I have an issue with 20x ProLiant DL380p Gen8 servers. These servers are part of HP Vertica cluster. All servers are running on power performance mode.
OS: CentOS release 6.6 (Final), kernel 2.6.32-504.8.1.el6.x86_64
there are a lot of messages in /var/log/mcelog and dmesg:
CPU27: Package temperature above threshold, cpu clock throttled (total events = 86472)
CPU15: Package temperature above threshold, cpu clock throttled (total events = 86471)
CPU14: Package temperature above threshold, cpu clock throttled (total events = 86472)
CPU28: Package temperature above threshold, cpu clock throttled (total events = 86472)
CPU24: Package temperature above threshold, cpu clock throttled (total events = 86472)
CPU 25 THERMAL EVENT TSC d944f35ad5d65e
TIME 1447757250 Tue Nov 17 11:47:30 2015
Processor heated above trip temperature. Throttling enabled.
Please check your system cooling. Performance will be impacted
mcelog: Too many trigger children running already
STATUS 880003c3 MCGSTATUS 0
MCGCAP 1000819 APICID 23 SOCKETID 1
CPUID Vendor Intel Family 6 Model 62
Hardware event.

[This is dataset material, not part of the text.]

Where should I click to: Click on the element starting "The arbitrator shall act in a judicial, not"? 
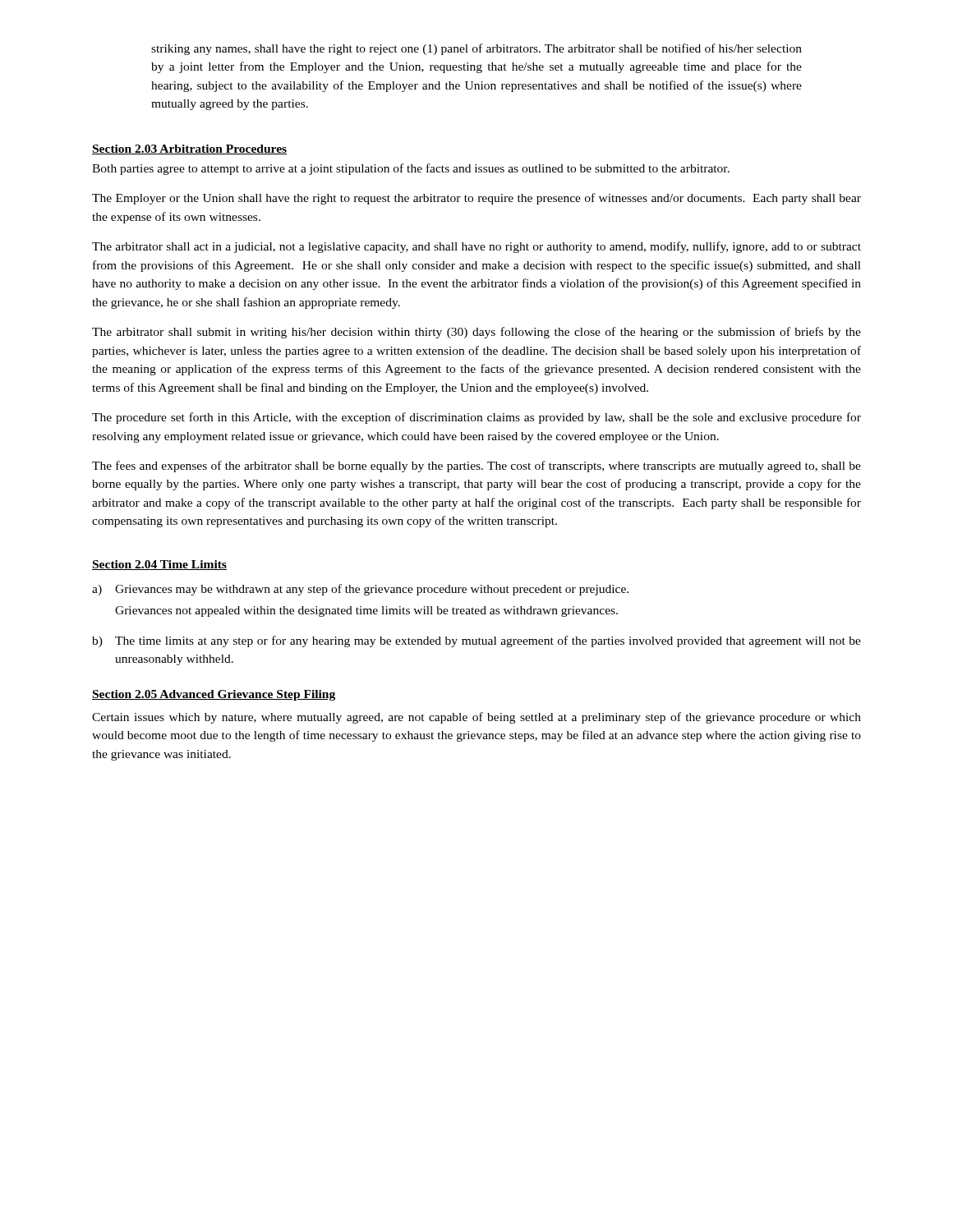[476, 274]

This is not a software error.
Integrated Management Log show no error's.. Temparature in server room is normal.
Server Firmware Version Info:
HP ProLiant System ROM 08/02/2014
HP Smart Array P420i Controller 6.00 Embedded
iLO 2.10 Jan 15 2015
Intelligent Provisioning 1.61.45
Power Management Controller Firmware 3.3
Power Management Controller Firmware Bootloader 2.7
SAS Programmable Logic Device Version 0x0C
Server Platform Services (SPS) Firmware 2.1.7.E7.4
System Programmable Logic Device Version 0x32
It looks like mcelog bug according to https://bugzilla.redhat.com/show_bug.cgi?id=924570
Anyone facing same issue? Can you recommend how to resolve it?